When it occurs: Layer 1 or Layer 2, when std::fs::read_to_string or a Parquet reader returns an error for a required file.

ParseError

parse error in {path}: {message}

Occurs when a file is readable but its content is malformed — invalid JSON syntax, unexpected end of input, or an unreadable Parquet column header. Fields: path: PathBuf and message: String (description of the parse failure).

When it occurs: Layer 2, during initial deserialization of JSON or Parquet files before any field-level validation runs.

SchemaError

schema error in {path}, field {field}: {message}

Occurs when a file parses successfully but a field violates a schema constraint: a required field is missing, a value is outside its valid range, or an enum discriminator names an unknown variant. Fields: path: PathBuf, field: String (dot-separated path to the offending field, e.g., "hydros[3].bus_id"), and message: String.

When it occurs: Layer 2, during post-deserialization validation. Also returned by parse_config when training.forward_passes or training.stopping_rules is absent.

CrossReferenceError

cross-reference error: {source_entity} in {source_file} references
non-existent {target_entity} in {target_collection}

Occurs when an entity ID field references an entity that does not exist in the expected registry. Fields: source_file: PathBuf, source_entity: String (e.g., "Hydro 'H1'"), target_collection: String (e.g., "bus registry"), and target_entity: String (e.g., "BUS_99").

When it occurs: Layer 3 (referential integrity). All broken references across all entity types are collected before returning.

ConstraintError

constraint violation: {description}

A catch-all for collected validation errors from any of the five layers, and for SystemBuilder::build() rejections. The description field contains all error messages joined by newlines, each prefixed with its [ErrorKind], source file, optional entity identifier, and message text.

When it occurs: After any validation layer collects one or more error-severity diagnostics, or when SystemBuilder::build() finds duplicate IDs or a cascade cycle in the final construction step.

PolicyIncompatible

policy incompatible: {check} mismatch — policy has {policy_value},
system has {system_value}

Occurs when a warm-start or resume policy file is structurally incompatible with the current case. The four compatibility checks are: hydro count, stage count, cut dimension, and entity identity hash. Fields: check: String (name of the failing check), policy_value: String, and system_value: String.

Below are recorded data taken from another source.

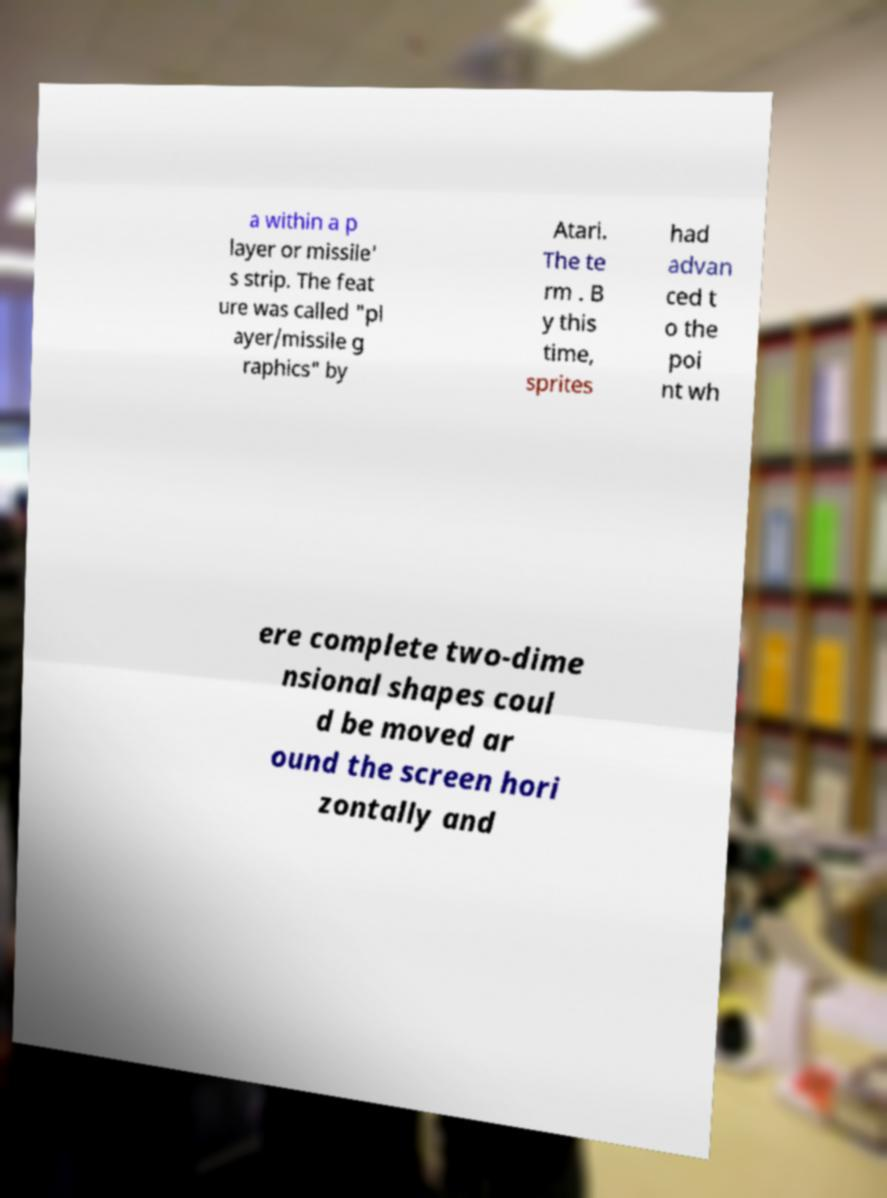What messages or text are displayed in this image? I need them in a readable, typed format. a within a p layer or missile' s strip. The feat ure was called "pl ayer/missile g raphics" by Atari. The te rm . B y this time, sprites had advan ced t o the poi nt wh ere complete two-dime nsional shapes coul d be moved ar ound the screen hori zontally and 
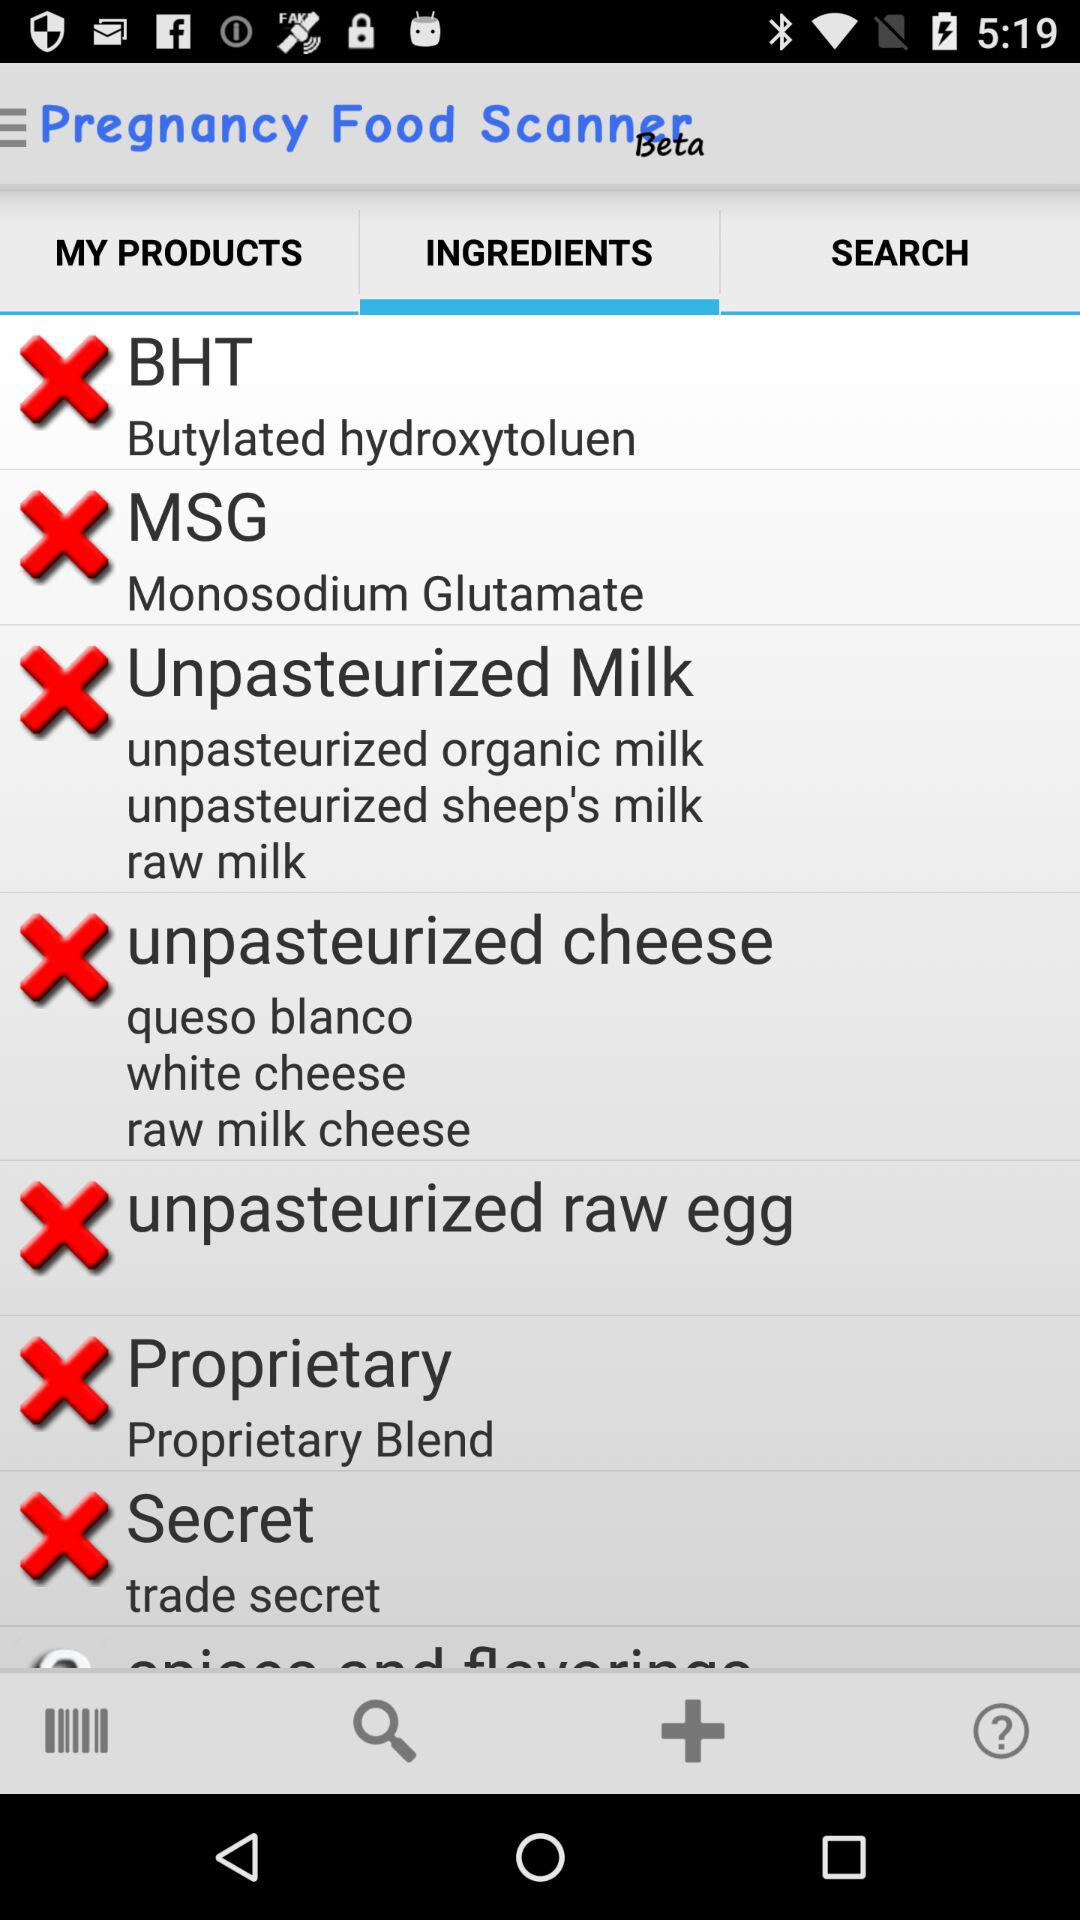What is the name of the application? The name of the application is "Pregnancy Food Scanner". 
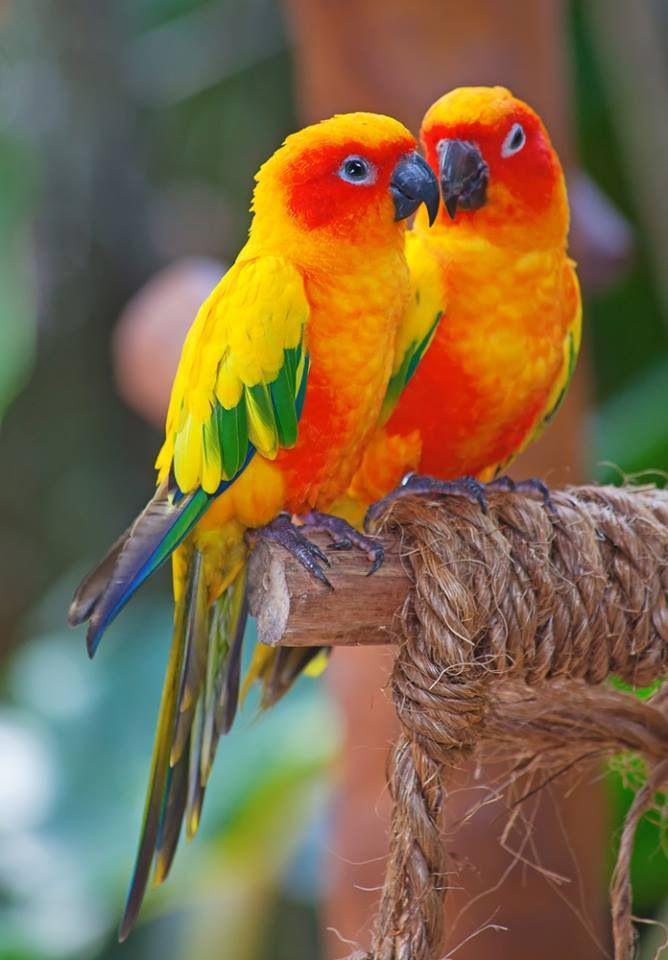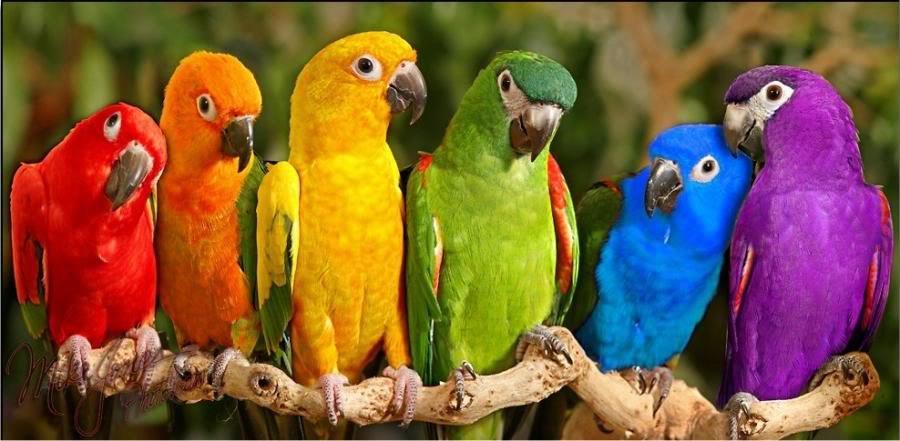The first image is the image on the left, the second image is the image on the right. Examine the images to the left and right. Is the description "One of the images has only two parrots." accurate? Answer yes or no. Yes. The first image is the image on the left, the second image is the image on the right. Analyze the images presented: Is the assertion "There are at least 2 blue-headed parrots." valid? Answer yes or no. No.

When it occurs: After all five validation layers pass, when policy.mode is "warm_start" or "resume" and the stored policy fails a compatibility check.

Design notes

Collect-all validation. Unlike parsers that short-circuit on the first error, all five validation layers collect diagnostics into a shared ValidationContext before failing. When load_case returns a ConstraintError, the description field contains every problem found in a single report. This avoids the frustrating fix-one-error-re-run-repeat cycle on large cases.

File-format split. Entity identity data (IDs, names, topology, static parameters) lives in JSON. Time-varying and per-stage data (bounds, penalty overrides, statistical parameters, scenarios) lives in Parquet. JSON is easy to read and edit by hand; Parquet handles large numeric tables efficiently. The two formats complement each other without overlap.

Resolution separates concerns. The three-tier cascade is resolved once at load time into dense arrays, not at every solver call. Downstream solver crates call system.penalties().hydro(entity_idx, stage_idx) and get an f64 with no branching, no hash lookups, and no tier logic. The complexity of the cascade is entirely contained in cobre-io.

Declaration-order invariance. All entity collections are sorted by ID before SystemBuilder::build() is called. Any System built from the same entities, regardless of the order they appear in the input files, produces a structurally identical result with identical pre-resolved tables.